◆ What you should do:
Write out each record below exactly, but not the pictures.

Supplied data START

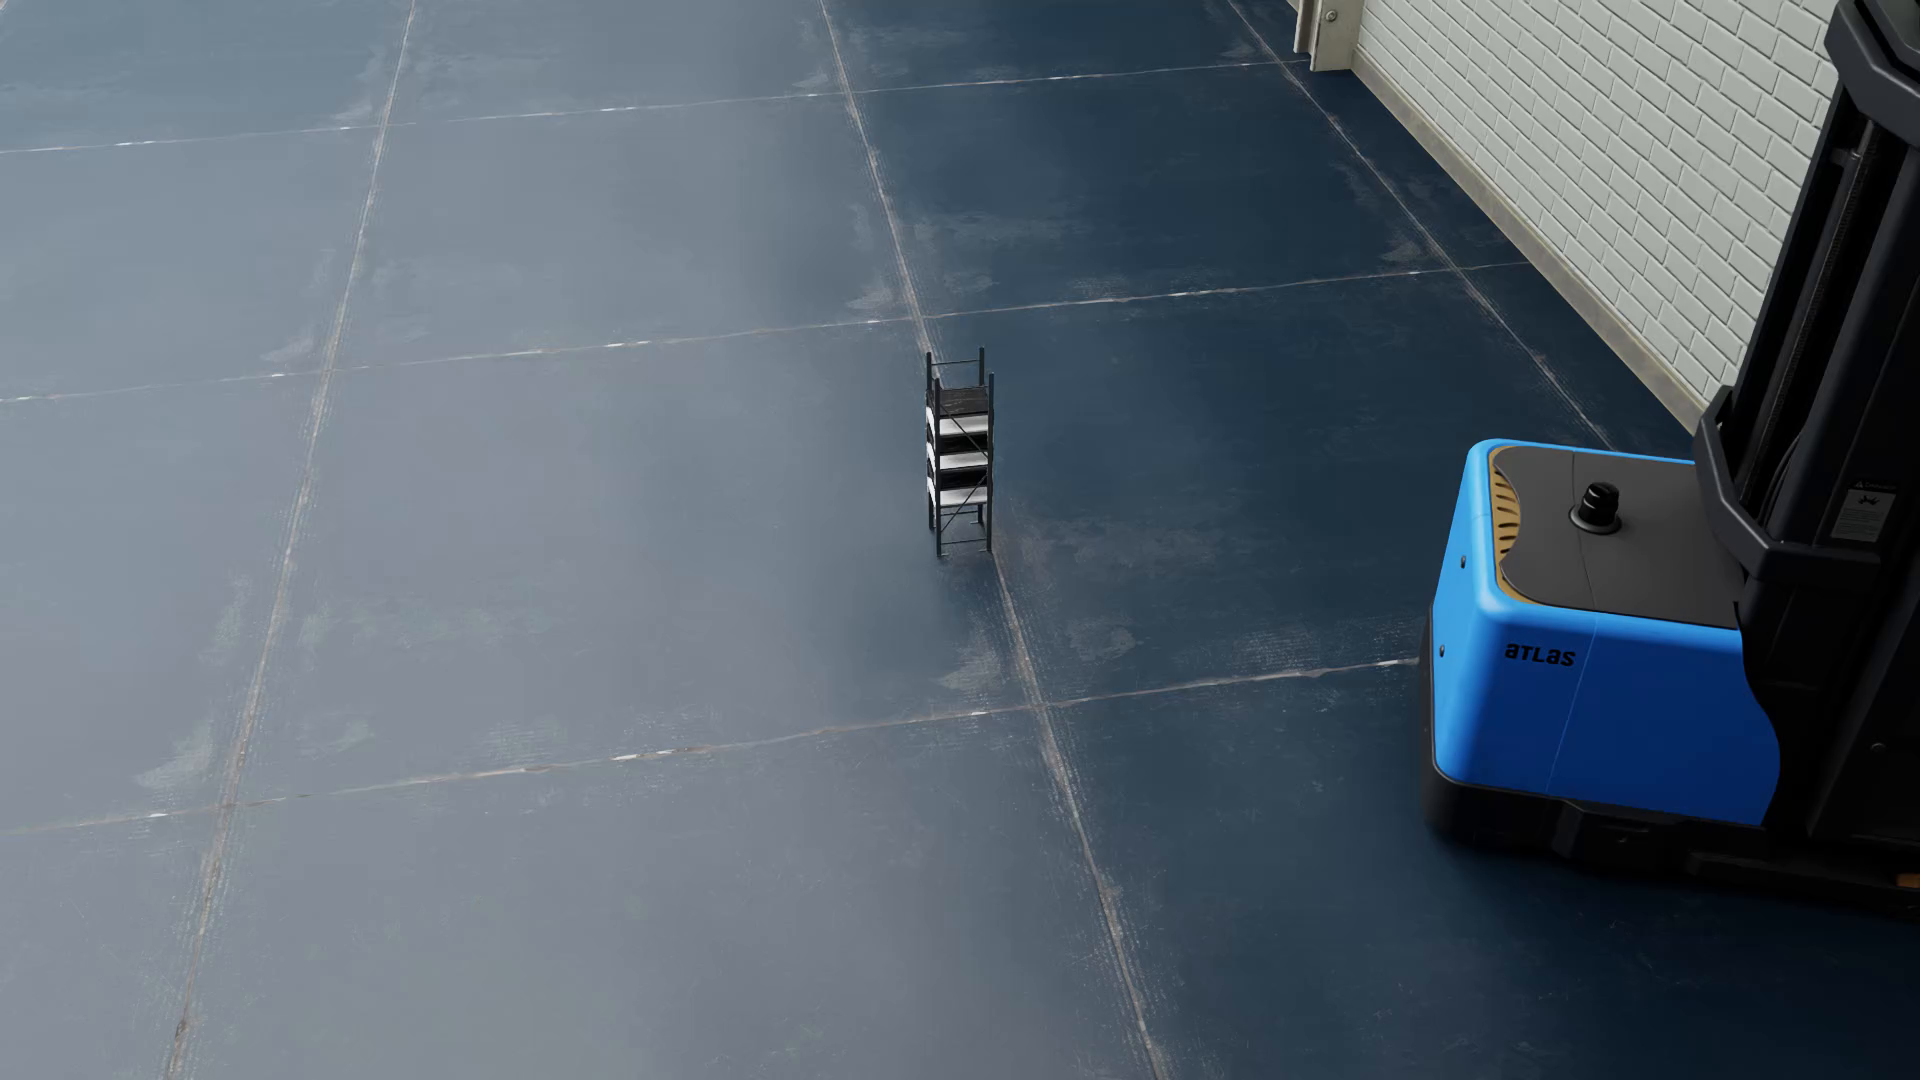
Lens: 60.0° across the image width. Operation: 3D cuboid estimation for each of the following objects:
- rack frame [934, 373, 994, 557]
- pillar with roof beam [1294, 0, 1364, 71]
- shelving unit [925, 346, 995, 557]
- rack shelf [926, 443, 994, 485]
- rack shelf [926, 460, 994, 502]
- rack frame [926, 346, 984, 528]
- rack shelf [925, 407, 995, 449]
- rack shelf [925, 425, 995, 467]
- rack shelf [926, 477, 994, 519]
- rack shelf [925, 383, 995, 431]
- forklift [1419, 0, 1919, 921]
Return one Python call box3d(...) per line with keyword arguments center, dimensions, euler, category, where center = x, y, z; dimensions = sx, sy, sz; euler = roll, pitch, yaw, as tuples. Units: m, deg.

Supplied data END

◆ Written solution:
Lens: 60.0° across the image width. Operation: 3D cuboid estimation for each of the following objects:
- rack frame [934, 373, 994, 557]
- pillar with roof beam [1294, 0, 1364, 71]
- shelving unit [925, 346, 995, 557]
- rack shelf [926, 443, 994, 485]
- rack shelf [926, 460, 994, 502]
- rack frame [926, 346, 984, 528]
- rack shelf [925, 407, 995, 449]
- rack shelf [925, 425, 995, 467]
- rack shelf [926, 477, 994, 519]
- rack shelf [925, 383, 995, 431]
- forklift [1419, 0, 1919, 921]
Return one Python call box3d(...) per line with keyword arguments center, dimensions, euler, category, where center = x, y, z; dimensions = sx, sy, sz; euler = roll, pitch, yaw, as tuples. Units: m, deg.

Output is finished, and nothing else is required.